We'll change the `classify()` function that we wrote previously to return the labels instead of printing them. Below, note that we now have return statements instead of `print()` functions.

In [79]:
def classify_test_set(message):

    message = re.sub('\W', ' ', message)
    message = message.lower()
    message = message.split()

    p_spam_given_message = p_spam
    p_ham_given_message = p_ham

    for word in message:
        if word in spam_dictionary:
            p_spam_given_message *= spam_dictionary[word]

        if word in ham_dictionary:
            p_ham_given_message *= ham_dictionary[word]

    if p_ham_given_message > p_spam_given_message:
        return 'ham'
    elif p_spam_given_message > p_ham_given_message:
        return 'spam'
    else:
        return 'needs human classification'

In [84]:
#create a column in the test set with the predicitons
test_set['predicted'] = test_set['SMS'].apply(classify_test_set)
test_set['predicted'].value_counts(normalize=True)
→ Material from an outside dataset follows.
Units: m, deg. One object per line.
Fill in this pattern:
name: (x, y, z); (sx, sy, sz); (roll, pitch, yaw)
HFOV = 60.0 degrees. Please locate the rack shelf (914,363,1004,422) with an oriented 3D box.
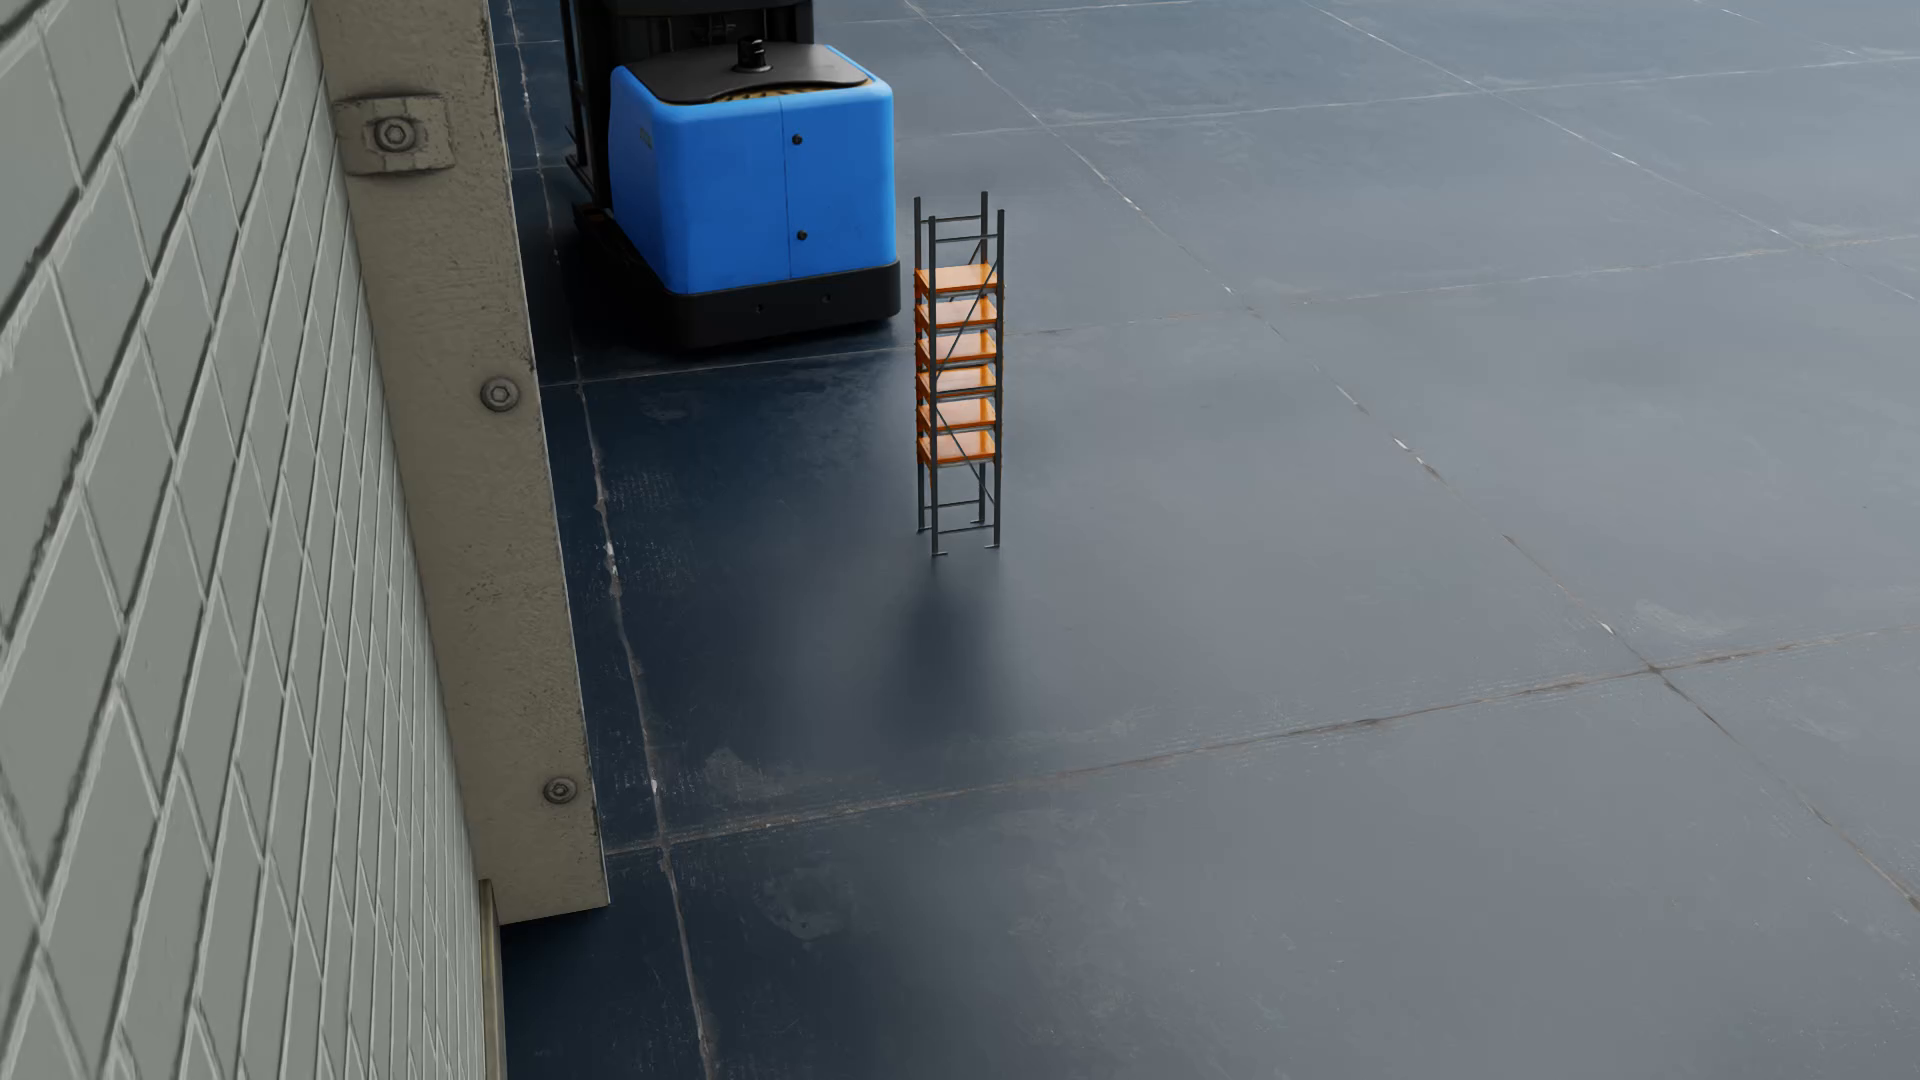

ham                           0.995512
spam                          0.002693
needs human classification    0.001795
Name: predicted, dtype: float64

We can now compare the predicted values with the actual values to measure how good our spam filter is with classifying new messages. To make the measurement, we'll use accuracy as a metric:

**Accuracy = correctly classified messages / total number of messages**


In [117]:
correct = 0
total = test_set.shape[0]

for index, row in test_set.iterrows():
    if row['predicted'] == row['Label']:
        correct += 1

accuracy = correct/ total
accuracy_round = round((accuracy*100),2)
print('The filter is',accuracy_round, '% accurate.')
print('Correctly classified messages:', correct, '(', accuracy_round, '%)'"\n"
     'Incorrectly classified messsages:', total - correct, '(', round(100-accuracy_round,2), '%)'
     )

The filter is 86.62 % accurate.
Correctly classified messages: 965 ( 86.62 %)
Incorrectly classified messsages: 149 ( 13.38 %)


## Conclusion & Next steps
**We initially aimed for an accuracy of over 80%, the filter is 86.62% accurate which is better than expected.**

Next steps we can take to increase the accuracy of this filer:
* Isolate the 149 messages that were classified incorrectly and try to figure out why the algorithm reached the wrong conclusions.
* Make the filtering process more complex by making the algorithm sensitive to letter case.